Does anyone have any suggestions?
Thanks!


----------



## blank

Pretty sure most communes you will find are the ones that are actually just shitty apartment scams that have been rephrased to appeal to younger professionals.


----------



## Deleted member 24782

Don't listen to that guy, I get what he's saying but theres actually a lot of really great things going on in Atlanta, communal and otherwise. I can put you in touch with somebody who could lead you in the right direction.


----------



## onandonward

I know of some through friends. There has been a recent reestablishment of communal living in Atlanta. Check these out.


----------



## blank

Well I mean, one of those is basically just a small apartment for almost 1500 a month. I've seen these pop up, more often around Athens and Savannah, you really need to watch out.


----------



## roguetrader

@blank I agree totally - that sample 'communal residence' above looks like a bad deal dressed up in a whole lotta fancy bullshit.... and it looks nothing like any commune I've ever been to - usually it's everyone living together in one big shared property, not lots of individual expensive apartments - and absolutely no mention of the meetings every 5 minutes to discuss 'issues' that happen in most housing co-ops ! it's basically a property speculators idea of a commune !


----------



## Deleted member 8978

The apartments I been living at in Brunswick (south of Savannah) so far is 800 monthly rent on a one year contract.


----------



## Onics5

Thank you all for your answers!



Brodiesel710 said:


> Don't listen to that guy, I get what he's saying but theres actually a lot of really great things going on in Atlanta, communal and otherwise. I can put you in touch with somebody who could lead you in the right direction.



Thanks, I would really appreciate it if you could put me in touch with the people you know!



onandonward said:


> I know of some through friends. There has been a recent reestablishment of communal living in Atlanta. Check these out.



Thanks for these websites, I will definitely check them out!

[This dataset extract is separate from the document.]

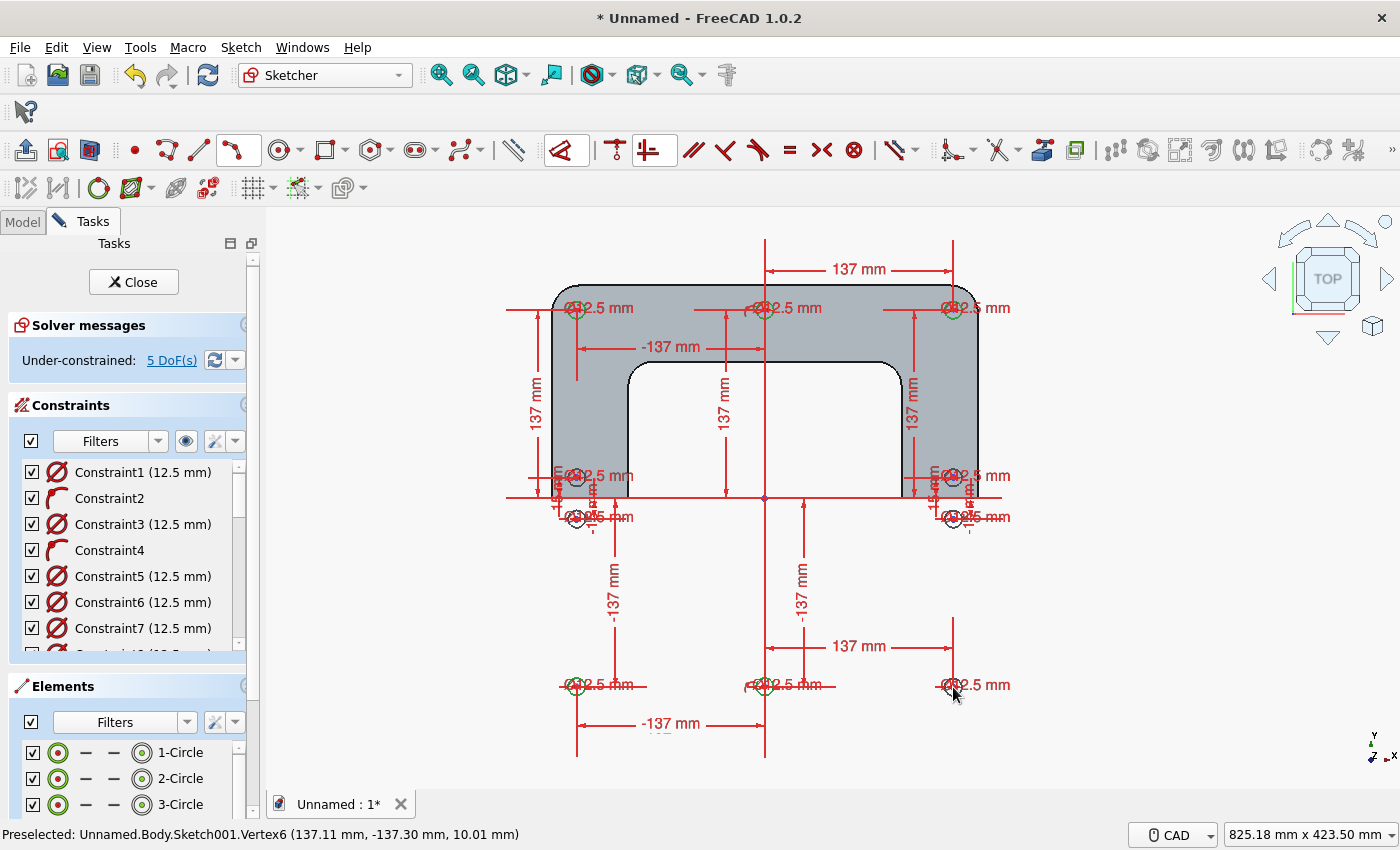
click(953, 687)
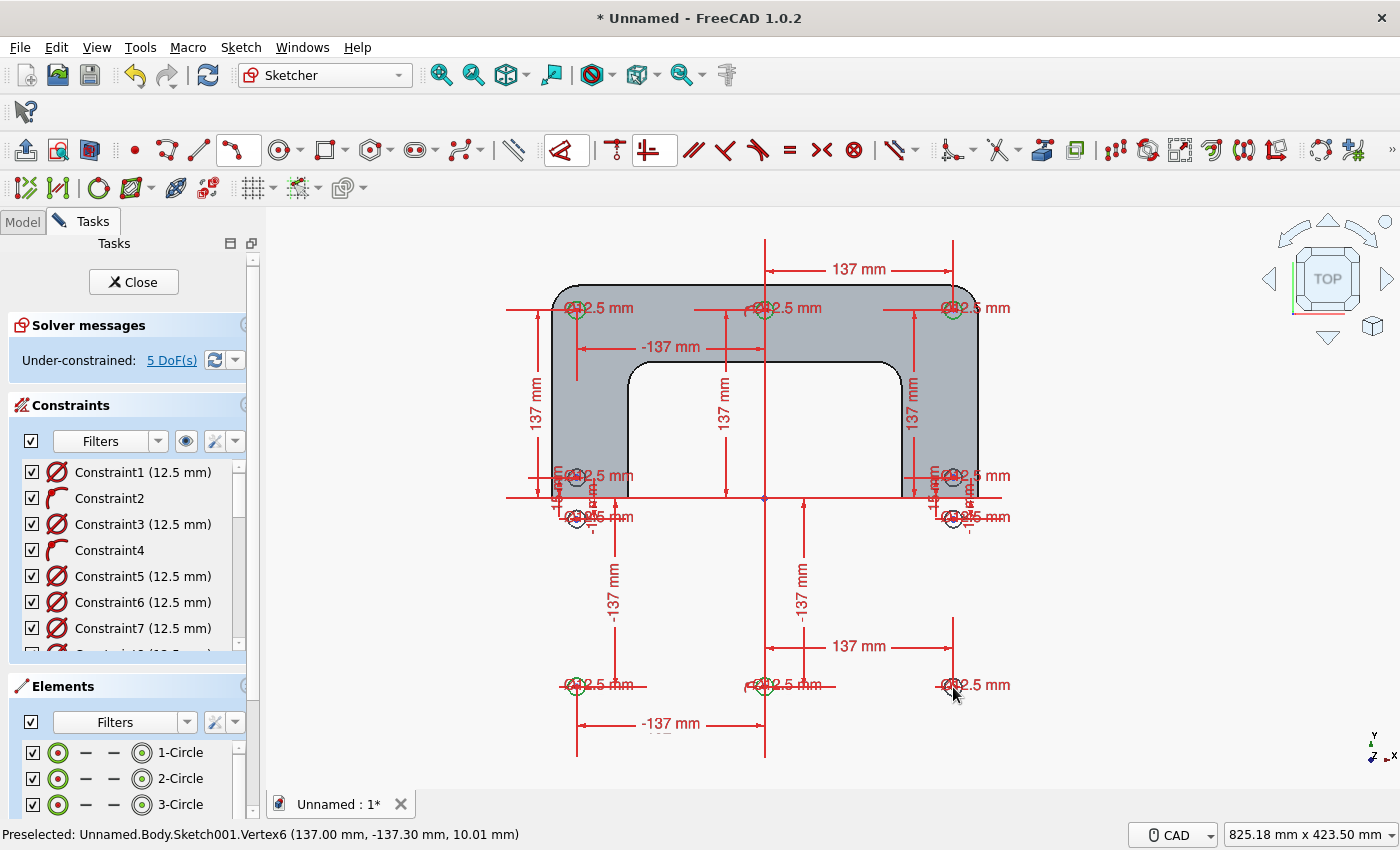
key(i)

If there are friends you could get me in touch with that'd be great!



Juan Derlust said:


> Greetings and welcome! Tell us more: a 1-year gig in Atlanta - what's it all about? My agenda being I may be in Atlanta September visiting my uncle (retired, divorced - a doctor of music, he taught at Université Grenoble Alpes) and he might be willing to house a couple for a year...



Hi Juan! I'll be in Atlanta for a year as a Fulbright scholar to do field study. I'm a PhD candidate working on the return migration of African-Americans to the SOuth of the country ans more particularly in Atlanta. Please let me know about your uncle! My husband and I were looking for communes but we are open to different options too!


----------



## Onics5

Juan Derlust said:


> He's >80 - it might be a long shot, but no harm in asking. Where is your program (at which institution)? Sounds like an excellent gig incidentally



Yeah, no harm in asking indeed! I'll be at Emory university!


----------



## Onics5

Juan Derlust said:


> That's great - his ex-wife was at Emory, but she didn't get tenure (world-class soprano). Anyway, she moved to Boston, but he stayed on in Atlanta. I contacted him yesterday asking if he's down for a September visit from his favorite nephew & he said yes so I'm working on it



Great, than you so much!


----------